According to the Legal Information Institute, the definition of bad faith is: “Depending on the exact setting, bad faith may mean a dishonest belief or purpose, untrustworthy performance of duties, neglect of fair dealing standards, or a fraudulent intent.” (“Bad Faith”). Throughout schooling, it can get easy to make up lies, even a little one. The overbearing weight of procrastinating for so long that it is almost impossible to get the assignment done on time. Even writing this essay mistakes were made on my part, not remembering the due date, so here on a Thursday night, the essay is being written so that it is almost completed before work tomorrow. There are two ways to go about this situation. The first one is to lie about an extenuating circumstance and ask for an extension, though it is completely my fault for not knowing the due date. The other is to own up to the mistake made and work hard to get the assignment done. The first one is considered bad faith, a lie. The way to best go about the situation is to keep better track of assignments and make sure that my intentions and actions are always good and honest. 

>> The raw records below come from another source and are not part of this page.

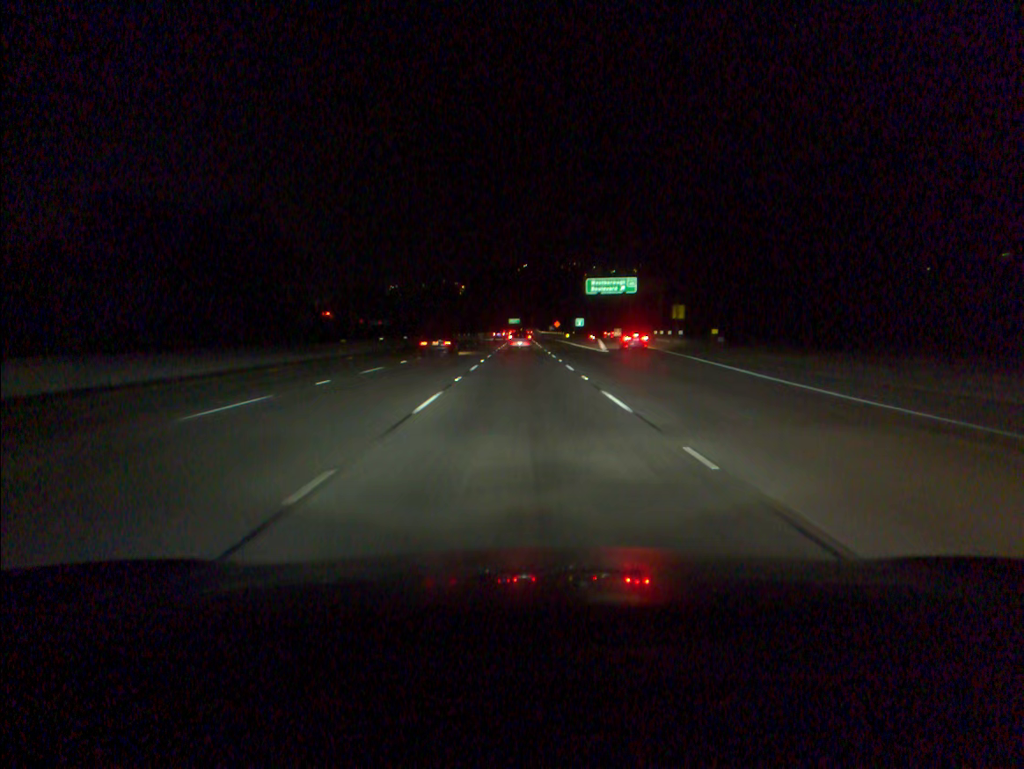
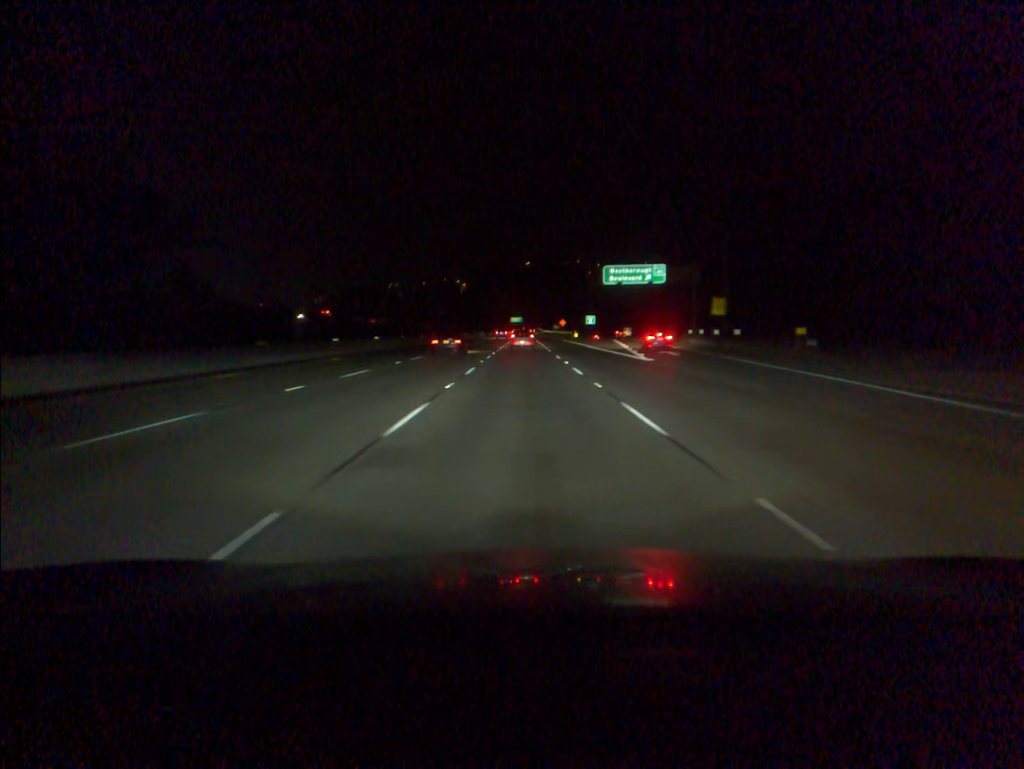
(0.0, +17.7) m; 0°
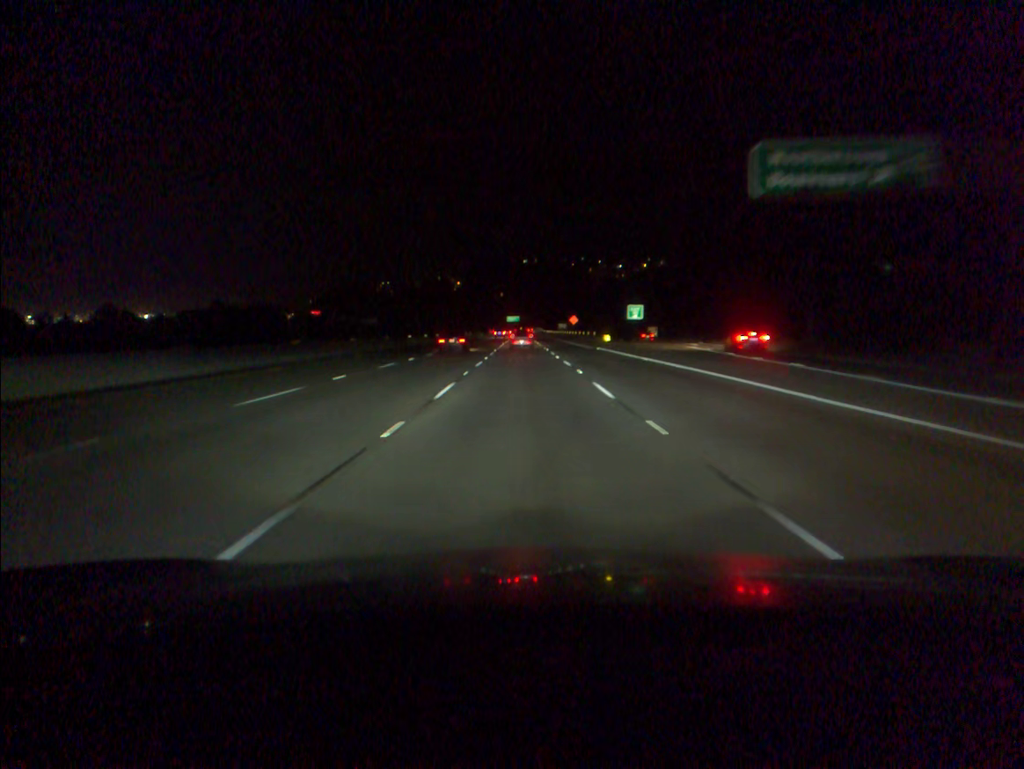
(+0.1, +52.8) m; 0°
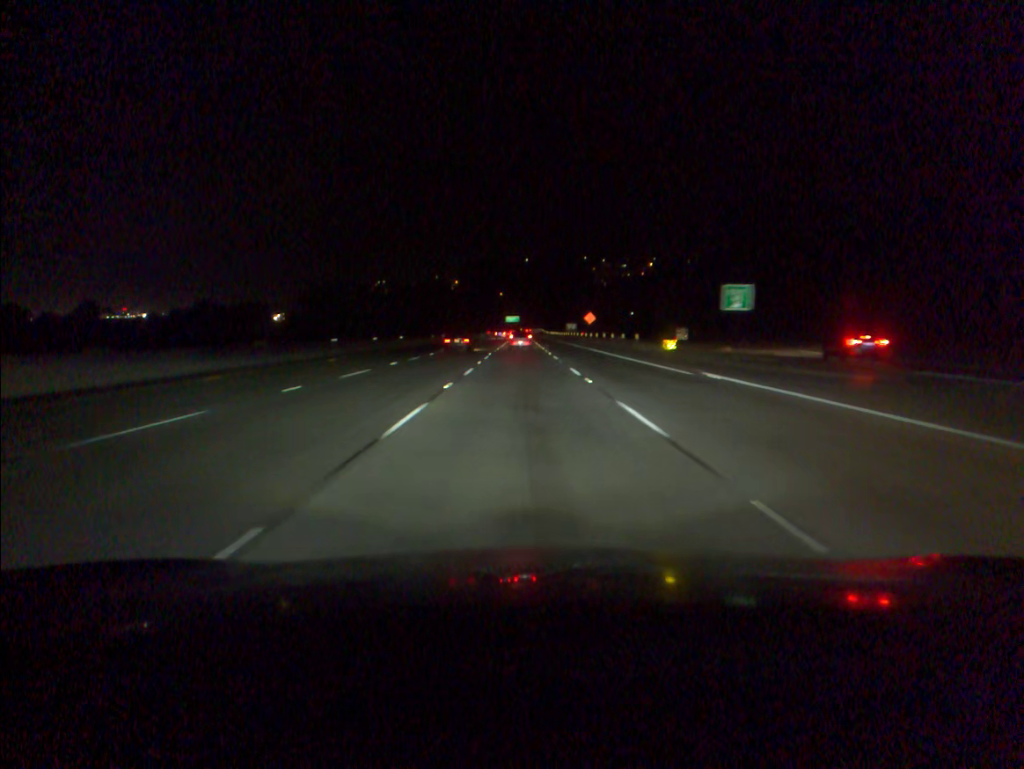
(0.0, +35.0) m; 0°
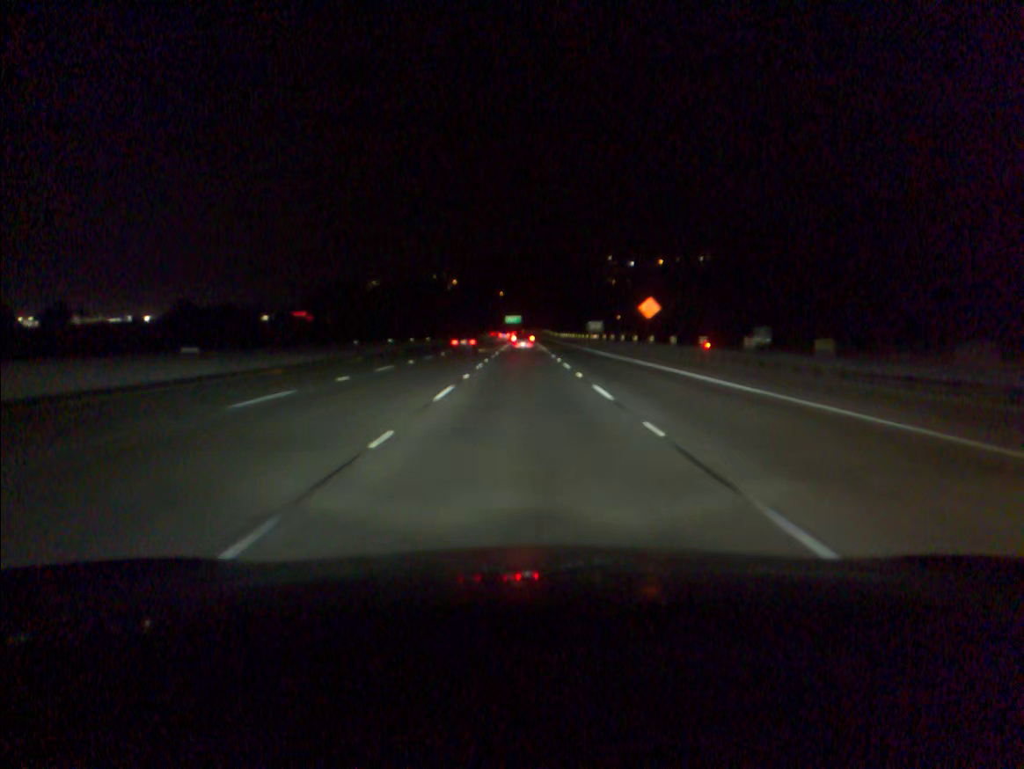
(-0.1, +52.6) m; 0°

It can be hard, to be honest, and own up to mistakes that you made especially if you lied about one. In high school, it was easy to get away with lying about doing something as simple as the readings for class. The punishment for not readying was not much in high school. They are not always going to find out about the lie. Going into college it is essential to do the readings. It is an essential part of being a student. It is best for my education to continue to do the readings for classes to be honest. The honest work being done through the readings and writings will make my education easier down the road.  

Percival Everett’s epigraph can be interpreted in multiple ways. Words are words. It is the meaning behind the words that matter. People have a tendency of lying. The intention that they have is not being portrayed through their words. Sometimes it can be done by anger, sadness, or just being scared. Throughout the story of The Bacchae, there were many instances where they were not truthful both with their words and appearances. This was due to the anger that Dionysus had towards the people who did not believe in him. There are instances of partial truths but, that also means they are partial lies. This can be something that commonly happens in real life for people may find it easier to lie than, to be honest. There are instances where this can happen during daily life. Whether it is in a novel or in real life, words can be hard to understand. The intentions behind them may not always be honest ones. 

Works Cited

“Bad Faith.” Legal Information Institute, Legal Information Institute, https://www.law.cornell.edu/wex/bad_faith. 

Euripides. The Bacchae and Other Plays. Penguin Books, 2005. 

Everett, Percival. Erasure. Graywolf Press, 2011.

Murfin, Ross C., and Supryia M. Ray. The Bedford Glossary of Critical and Literary Terms. Fourth ed., Bedford/St. Martin’s, 2018.